* EXERCISE BRIEF *
When a picture appears among the records, leave it out, and copy all else exactly.

%%

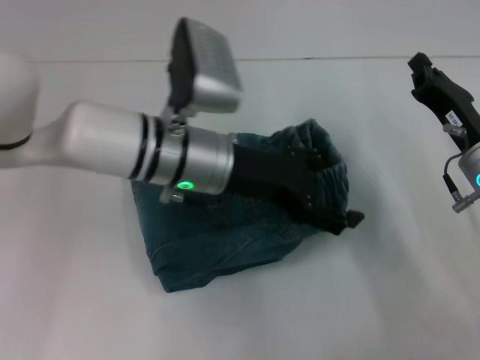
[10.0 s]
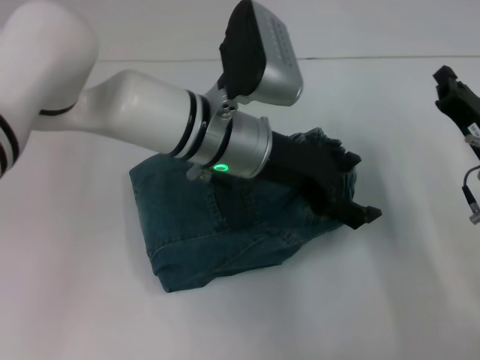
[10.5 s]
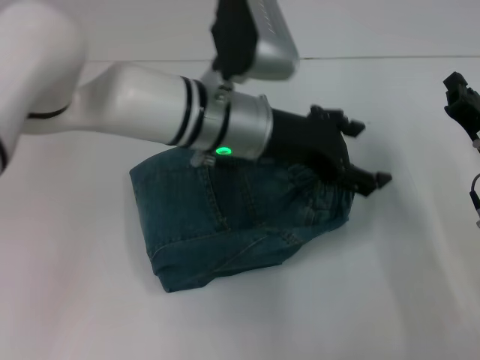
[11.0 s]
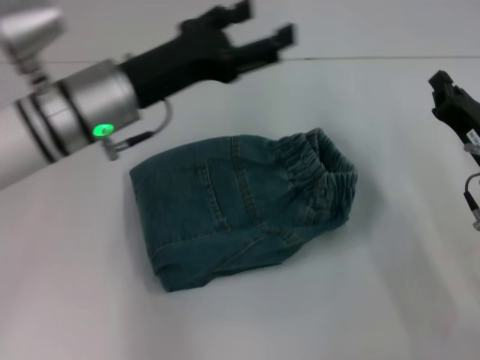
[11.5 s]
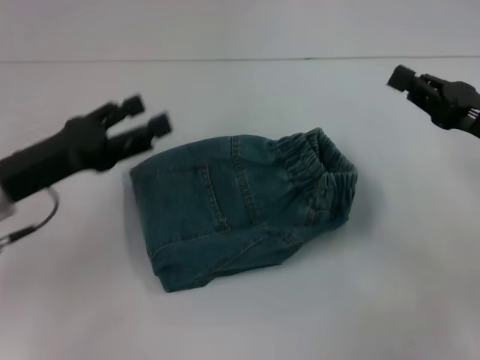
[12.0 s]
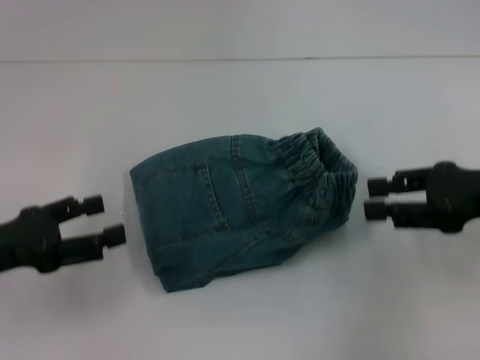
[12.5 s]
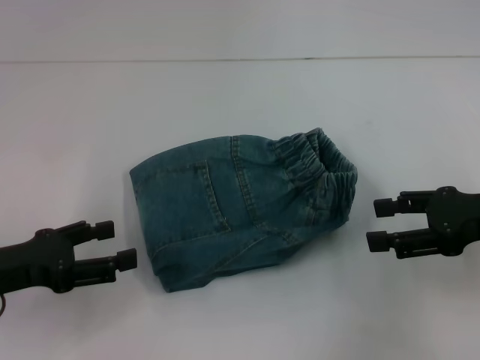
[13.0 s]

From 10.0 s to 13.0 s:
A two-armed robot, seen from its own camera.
From 10.0 s to 11.5 s: The left gripper goes approximately 5 cm to the left.
From 11.5 s to 13.0 s: The right gripper goes roughly 10 cm upward, and opens its fingers. The left gripper is displaced to the left, backward and downward by about 20 cm.

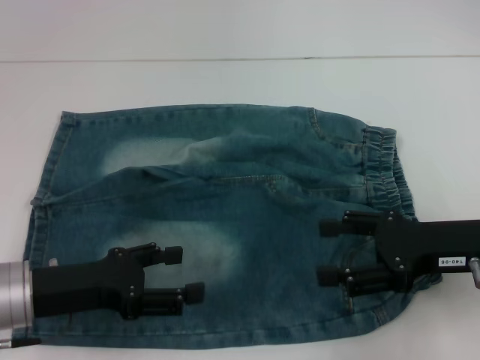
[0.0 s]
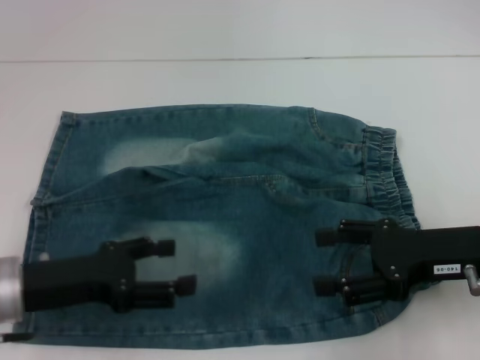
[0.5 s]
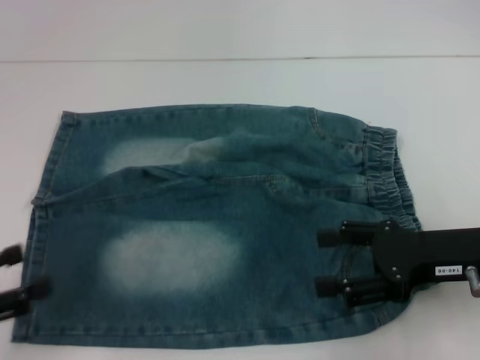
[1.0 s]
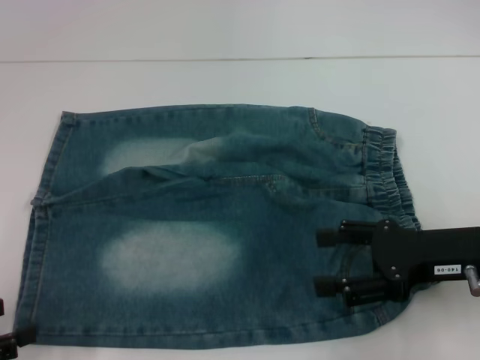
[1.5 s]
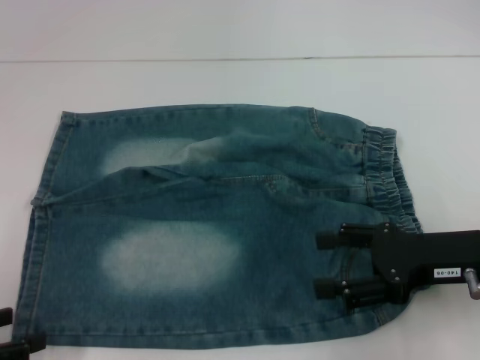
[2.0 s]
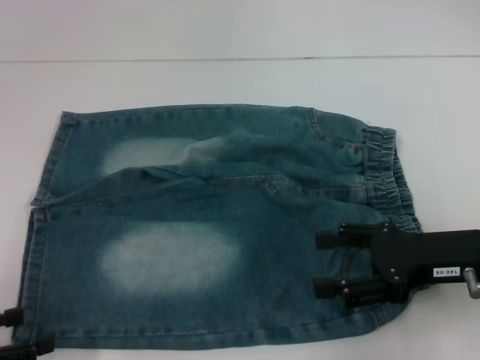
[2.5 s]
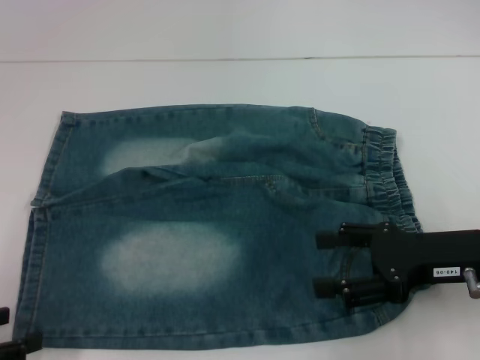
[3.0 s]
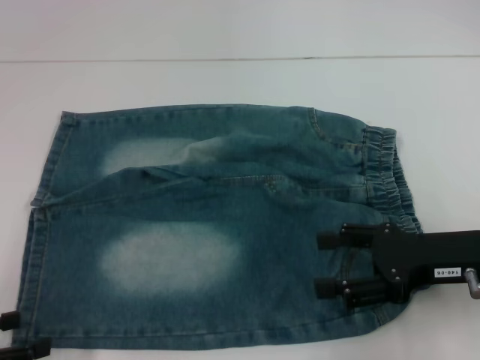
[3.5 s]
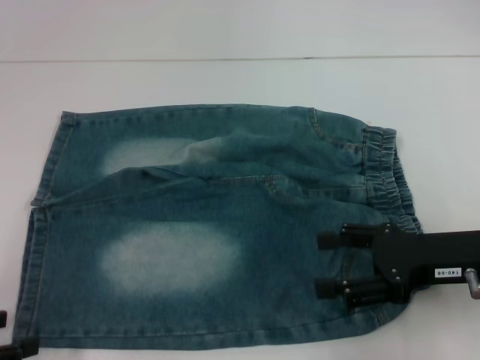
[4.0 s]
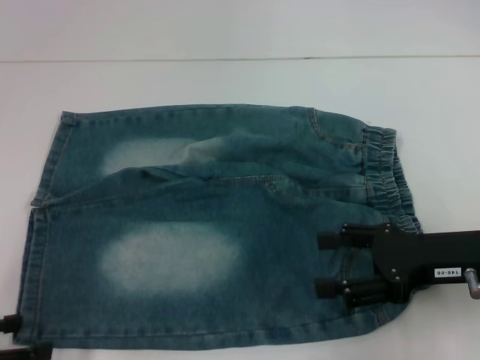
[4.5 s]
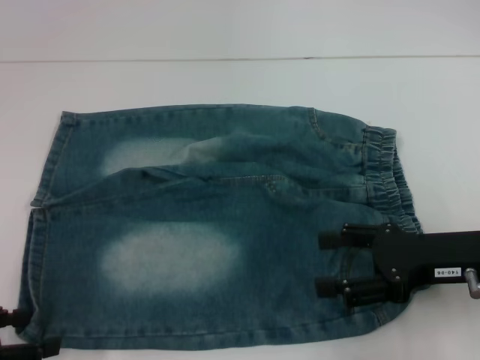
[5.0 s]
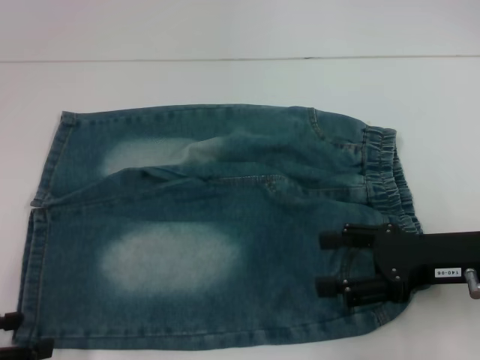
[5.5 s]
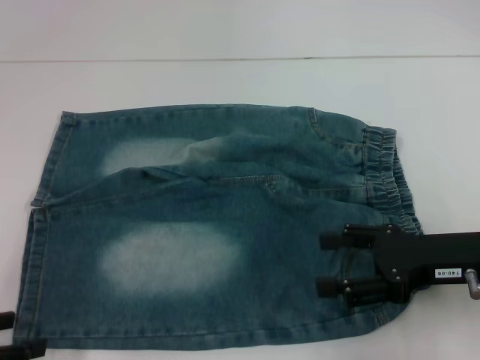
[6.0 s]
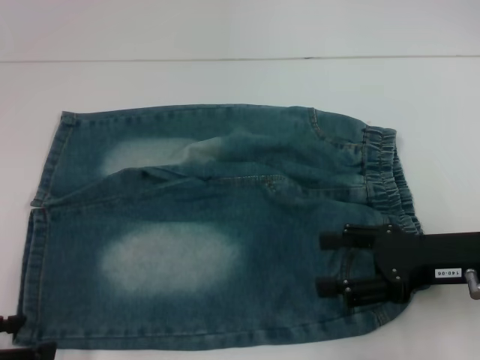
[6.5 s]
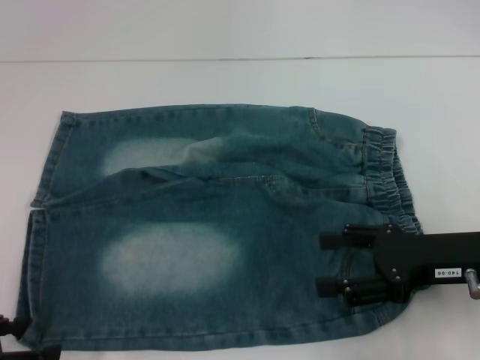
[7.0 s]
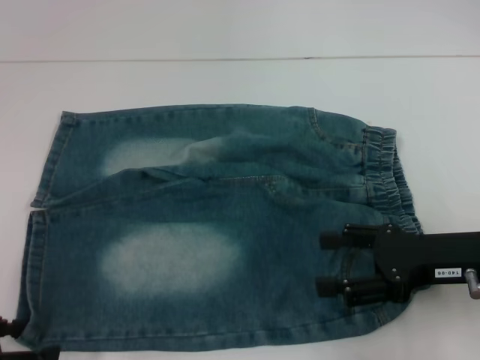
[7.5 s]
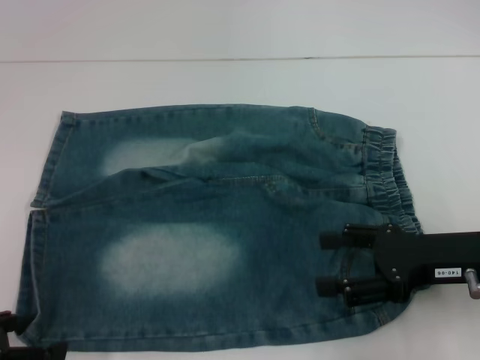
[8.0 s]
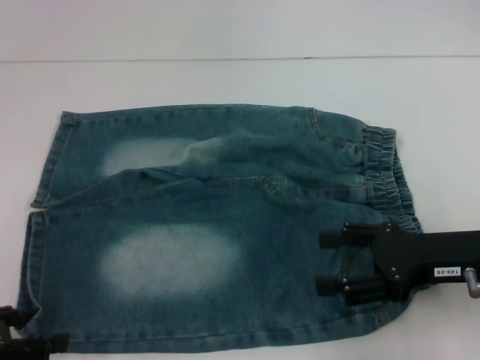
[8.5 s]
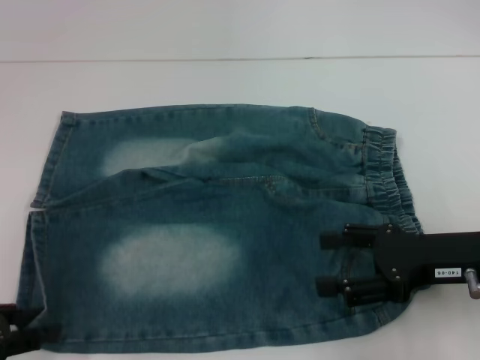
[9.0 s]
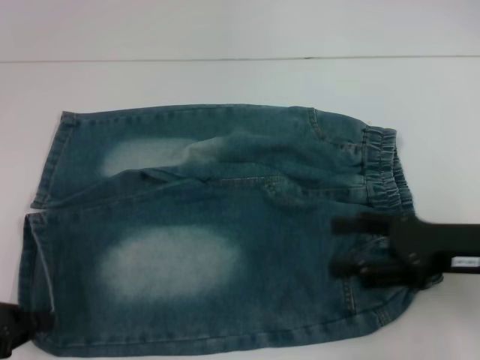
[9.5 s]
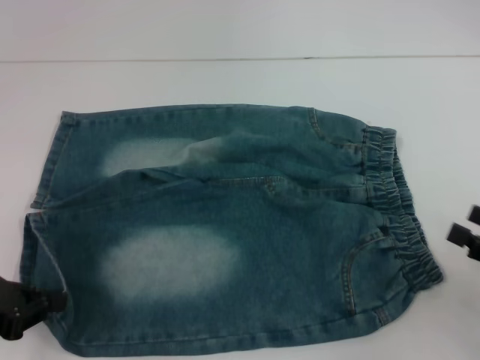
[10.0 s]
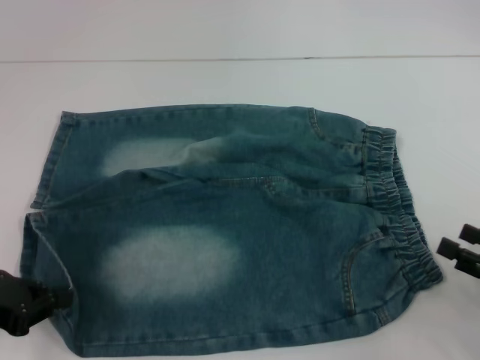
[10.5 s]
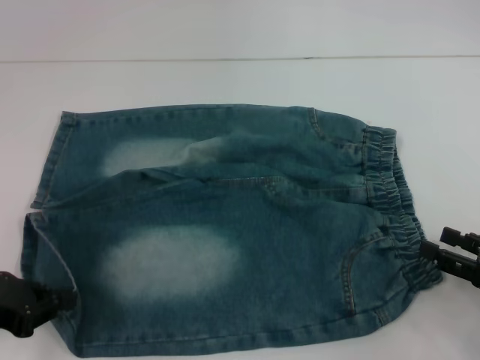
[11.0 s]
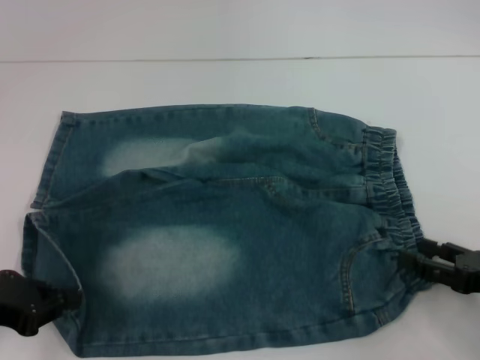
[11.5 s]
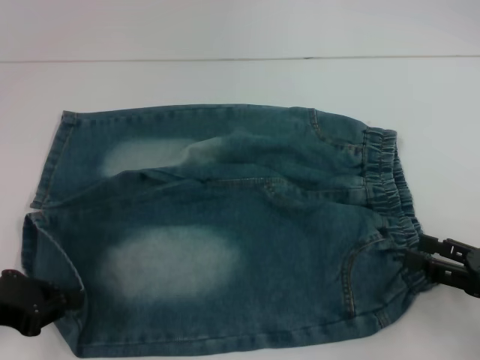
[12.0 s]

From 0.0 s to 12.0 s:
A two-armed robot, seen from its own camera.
Step, from 0.0 s to 9.0 s: Grab the lower left pant leg with your left hand.
From 0.0 s to 2.0 s: The left gripper is displaced to the left and backward by some 15 cm.
From 6.0 s to 8.0 s: The grippers make only small movements.
From 8.0 s to 10.0 s: The left gripper closes; the right gripper moves to the right and backward, about 15 cm.
From 10.0 s to 12.0 s: There are only small adjustments of the grippers.

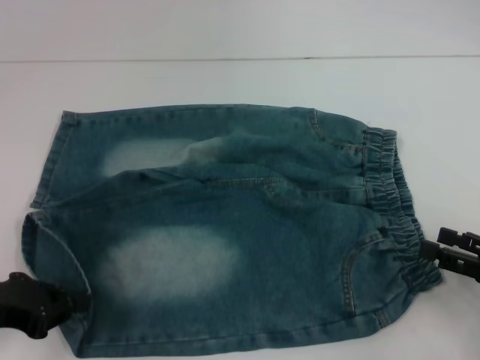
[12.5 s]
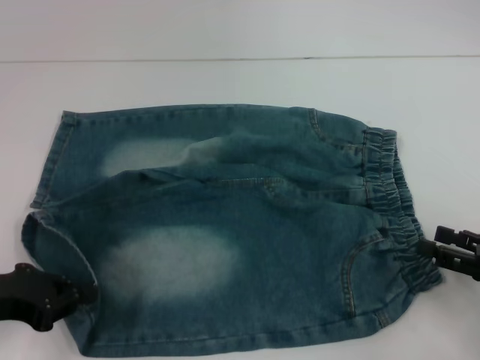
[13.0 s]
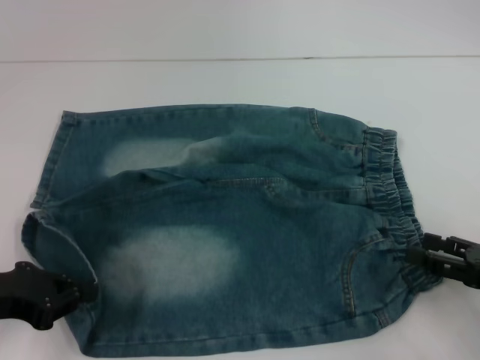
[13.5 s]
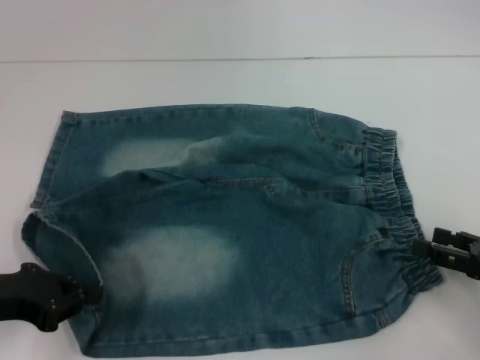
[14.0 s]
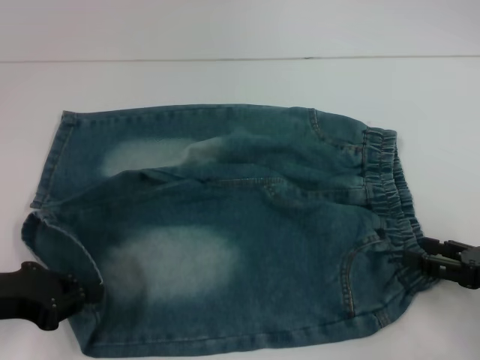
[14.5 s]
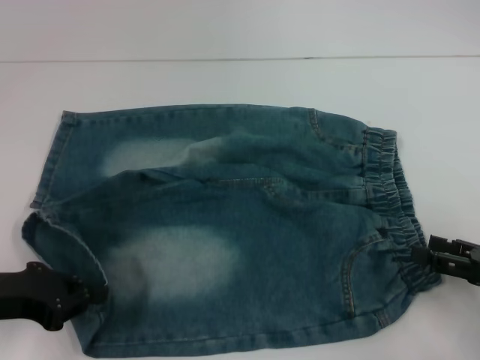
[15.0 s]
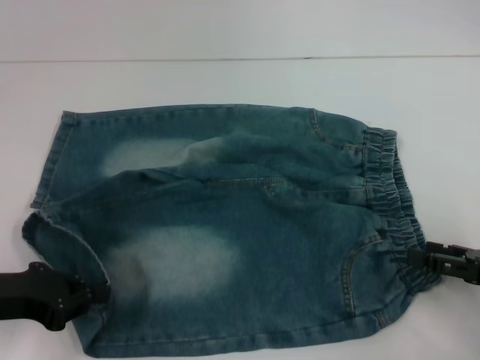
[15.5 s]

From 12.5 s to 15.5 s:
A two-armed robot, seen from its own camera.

%%

* REPLY TO THE TASK *
[10.0 s]
[10.5 s]
[11.0 s]
[11.5 s]
[12.0 s]
[12.5 s]
[13.0 s]

From 10.0 s to 13.0 s:
A two-armed robot, seen from its own camera.
From 10.0 s to 11.5 s: The left gripper goes approximately 5 cm to the left.
From 11.5 s to 13.0 s: The right gripper goes roughly 10 cm upward, and opens its fingers. The left gripper is displaced to the left, backward and downward by about 20 cm.

[0.0 s]
[0.5 s]
[1.0 s]
[1.5 s]
[2.0 s]
[2.5 s]
[3.0 s]
[3.5 s]
[4.0 s]
[4.5 s]
[5.0 s]
[5.5 s]
[6.0 s]
[6.5 s]
[7.0 s]
[7.5 s]
[8.0 s]
[8.5 s]
[9.0 s]
[9.5 s]
[10.0 s]
[10.5 s]
[11.0 s]
[11.5 s]
[12.0 s]

From 0.0 s to 12.0 s:
A two-armed robot, seen from its own camera.
Step, from 0.0 s to 9.0 s: Grab the lower left pant leg with your left hand.
From 0.0 s to 2.0 s: The left gripper is displaced to the left and backward by some 15 cm.
From 6.0 s to 8.0 s: The grippers make only small movements.
From 8.0 s to 10.0 s: The left gripper closes; the right gripper moves to the right and backward, about 15 cm.
From 10.0 s to 12.0 s: There are only small adjustments of the grippers.

[12.5 s]
[13.0 s]
[13.5 s]
[14.0 s]
[14.5 s]
[15.0 s]
[15.5 s]

From 12.5 s to 15.5 s:
A two-armed robot, seen from its own camera.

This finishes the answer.